断熱施工の落とし穴…の落とし穴…?
今年のゴールデンウイーク、巷では10連休ですが私は、ほとんど休みを取ることもなく何かの仕事をしています。この休み中にやっておきたかった用事の一つに事務所内の整理・整頓があります。10年以上は出し入れをしたことが無い可動式の棚の後ろに隠れた元からあった固定棚の冊子や資料を全て出し、ほとんどを紐でくくりリサイクルに持って行きました。
棚にあった多くの書類の中で、これは残しておこうと思った物が、2002年に発行された『断熱施工の落とし穴」と云う冊子です。この冊子は、日経ホームビルダー2002年9月号から抜粋したものです。

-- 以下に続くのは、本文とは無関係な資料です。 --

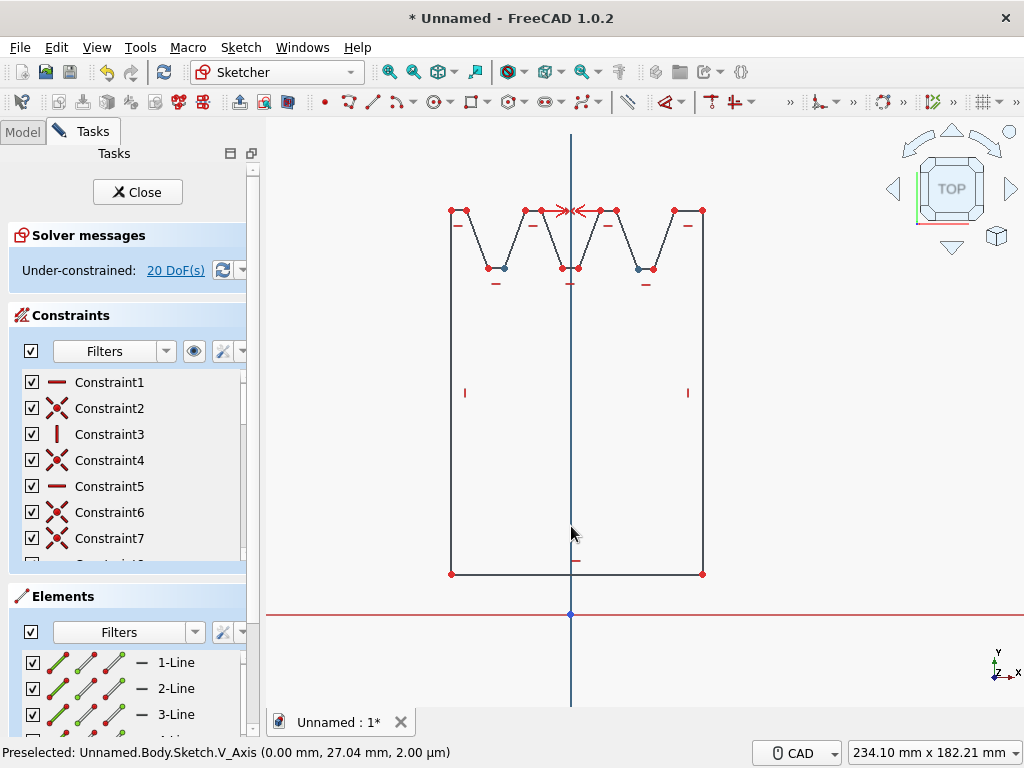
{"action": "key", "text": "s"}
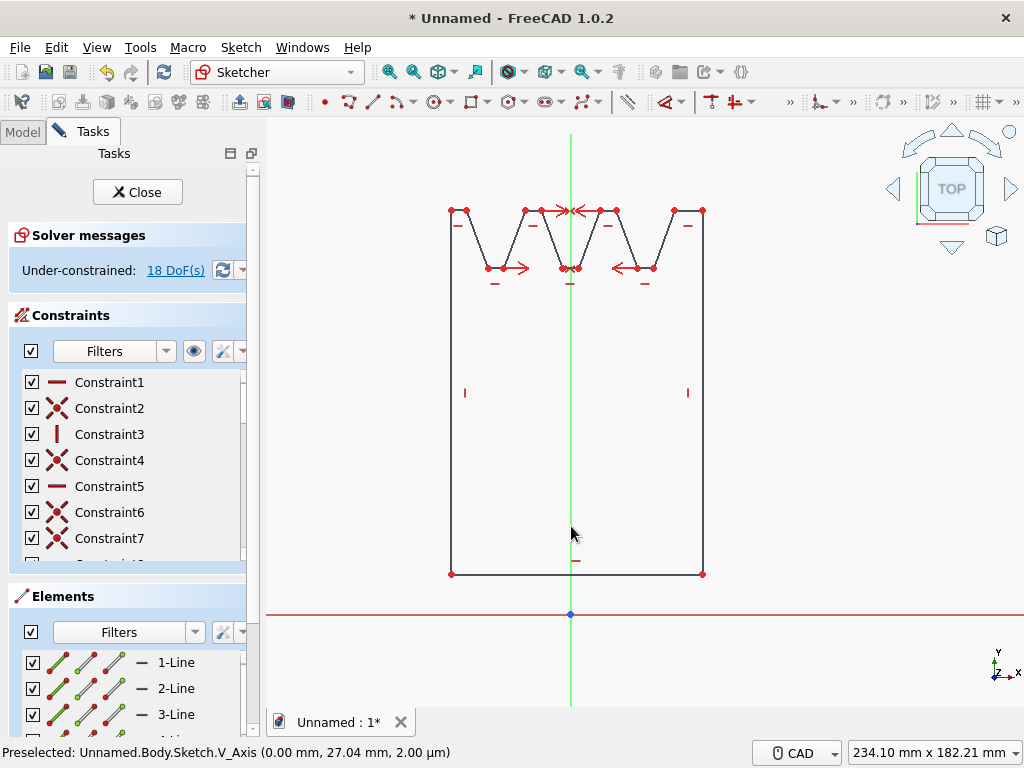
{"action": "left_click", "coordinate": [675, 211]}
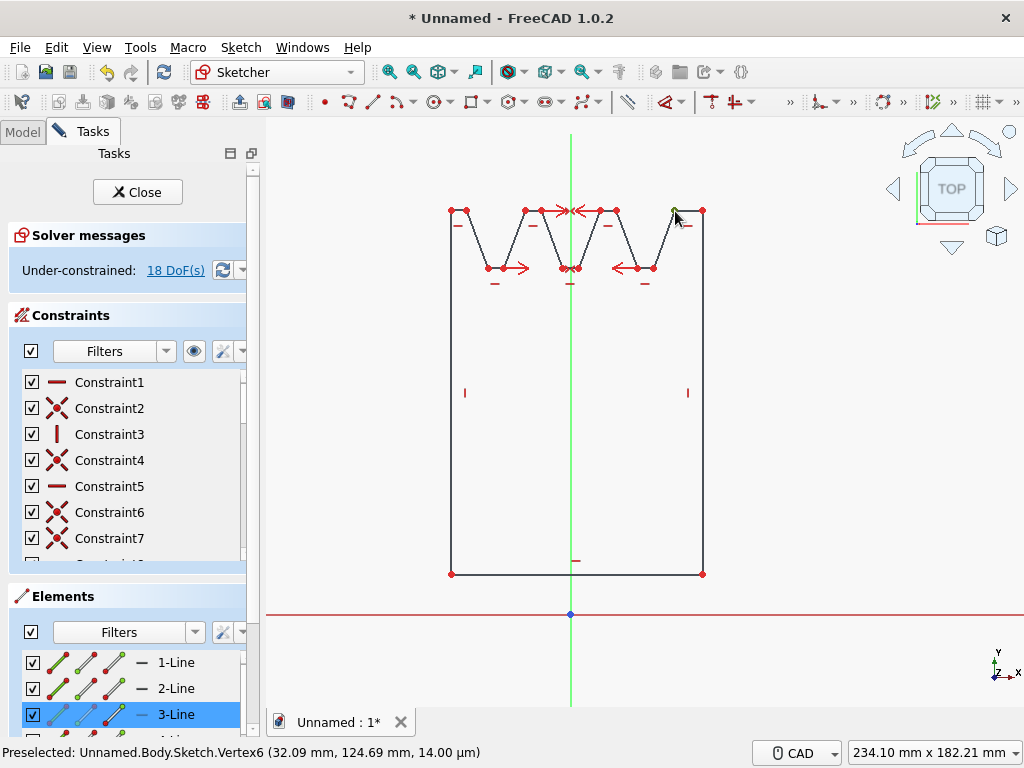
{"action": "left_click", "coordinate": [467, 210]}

当時、私は、外張り断熱工法の『ソーラーサーキット』 を施工させていただいていましたので、おそらくそのソーラーサーキット会の手配でまとめて購入したものだと思います。
内部結露の恐ろしさを説明した内容で、冊子中程の見開きのページですが、断熱材を入れた内側に湿気を通さない『防湿フィルム』を隙間なく連続して張る…とあります。この防湿フイルムは何の為に張るのか…?。答えは、室内で温められた水蒸気を多く持っている空気が外壁に面した『躯体内』の冷たい空気の所に入れない様にする為です。水蒸気を多く持った暖かい空気が冷たいものに触れると水滴になります。それが『結露』で、躯体の中に発生すると『内部結露』になり、柱や梁等を腐らせる原因になります。
冊子では、コンセントボックスのカバーや柱廻り、ダクト回り等を入念に気密テープを張るように書いてありますが、そもそも電気の配線をコンセントボックスカバー程度で湿気が通らない様に施工する事など到底無理な話なのです。カバーに一本の電線しかない場合はまだしも、太さが違う電線が何本もボックスカバーに刺さっている状態では、ポリエチレン製のカバーでは湿気を止めることはできません。カバーがゴム製であっても複数の電線が刺さっていれば湿気を通せんぼすることは難しい事です。完璧に湿気を通さない様にするにはコンセントボックスなどをつけずに配線のみをして配線周りをコーキングで埋める様にするしか方法がないと思います。
問題はこの様な事ではなく、断熱材の室内側にビニール製の『防湿シート』を本当は張ってはいけないのですよ…と云う事です。湿気の粒子はとても小さく、ごくわずかな隙間でも侵入します。ビニールシートを張ってはいけない理由は、ビニールシートを張る為のタッカーの玉や壁の石膏ボードを止めるビス等でビニールシートに空いた無数の穴から、石膏ボードとビニールシートの間に入り込んだ湿気がどんどん躯体内に入って行きます。そこで大変な事は、躯体内に入り込んだ湿気を多く含んだ空気が冷たい物に触れ結露してしまうと、結露防止の為に張ったビニールシートが結露、いわゆる『水滴』に変化した物を通せなくなります。まさに『行きはよいよい、帰りは恐い、恐いながら』の『通りゃんせ』そのものです。外部側に、透湿をほとんどしないOSB合板等を張る住宅は躯体内が最悪の状態になる事を予想しています。
『湿った空気を冷たい所に通さなければ結露は発生しない』。理論的には間違いではありませんが、住宅のビニールシート張りの施工をいくら厳しくしても冷蔵庫や水槽や厚手のゴム風船の様に完璧に空気を遮断することは100パーセント無理です。ビニールシートを張って良いことは一つもなく、『余計に壁内結露を作り、その逃げ場をなくす』と云う弊害しか残りません。
この冊子は『断熱施工の落とし穴』ではなく、『断熱施工の落とし穴…の落とし穴』です。